## Instructions for the task:
Leave the images aside and repeat the whole listing exactly.

====================

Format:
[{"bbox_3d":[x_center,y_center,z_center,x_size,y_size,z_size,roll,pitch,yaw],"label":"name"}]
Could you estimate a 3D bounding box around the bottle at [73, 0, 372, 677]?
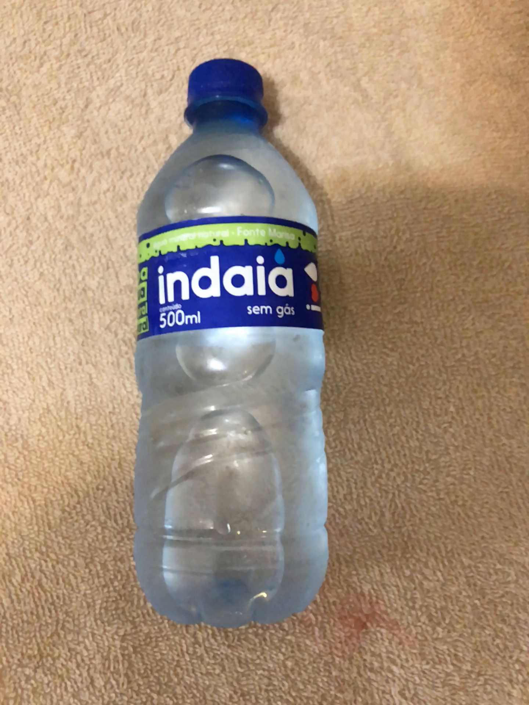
[{"bbox_3d":[-0.016,-0.012,0.205,0.080,0.050,0.210,-4,81,3],"label":"bottle"}]
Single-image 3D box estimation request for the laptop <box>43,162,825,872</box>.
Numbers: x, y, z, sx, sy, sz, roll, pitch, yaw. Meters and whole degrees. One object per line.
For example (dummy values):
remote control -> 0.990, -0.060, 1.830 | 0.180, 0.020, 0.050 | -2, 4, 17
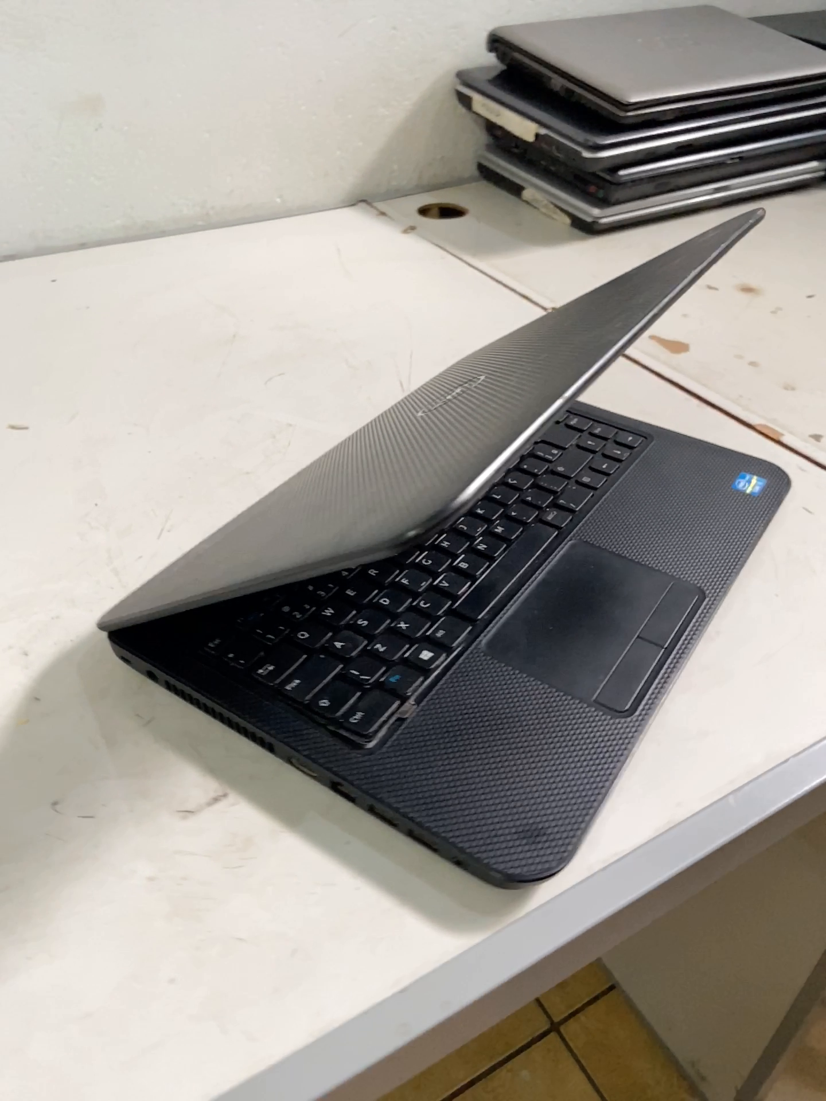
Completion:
laptop -> 0.046, -0.064, 0.425 | 0.230, 0.141, 0.332 | 23, 44, 26
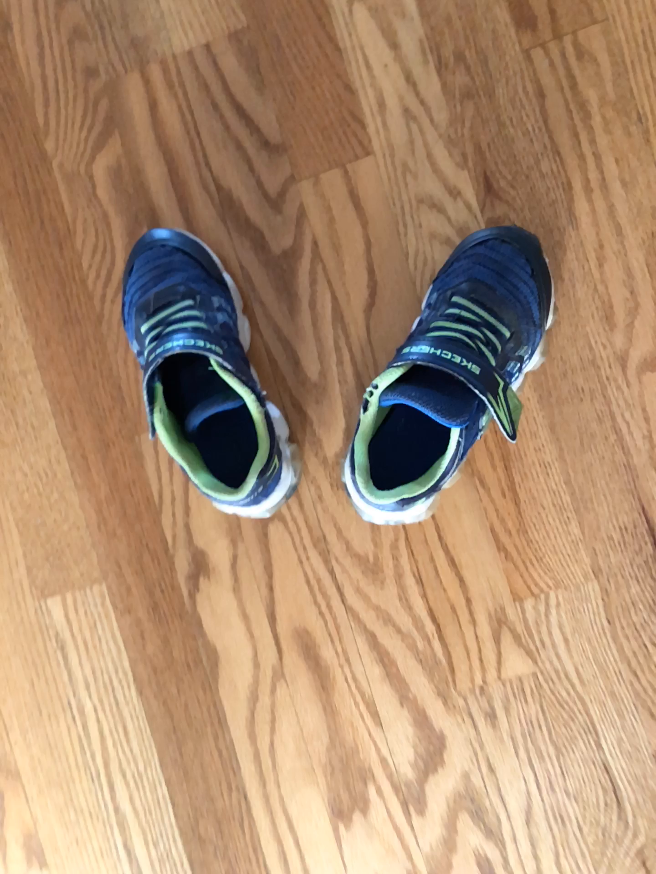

====================

## Result:
Format:
[{"bbox_3d":[x_center,y_center,z_center,x_size,y_size,z_size,roll,pitch,yaw],"label":"name"}]
Could you estimate a 3D bounding box around the bottle at [73, 0, 372, 677]?
[{"bbox_3d":[-0.016,-0.012,0.205,0.080,0.050,0.210,-4,81,3],"label":"bottle"}]
Single-image 3D box estimation request for the laptop <box>43,162,825,872</box>.
Numbers: x, y, z, sx, sy, sz, roll, pitch, yaw. Meters and whole degrees. One object per line.
For example (dummy values):
remote control -> 0.990, -0.060, 1.830 | 0.180, 0.020, 0.050 | -2, 4, 17
Completion:
laptop -> 0.046, -0.064, 0.425 | 0.230, 0.141, 0.332 | 23, 44, 26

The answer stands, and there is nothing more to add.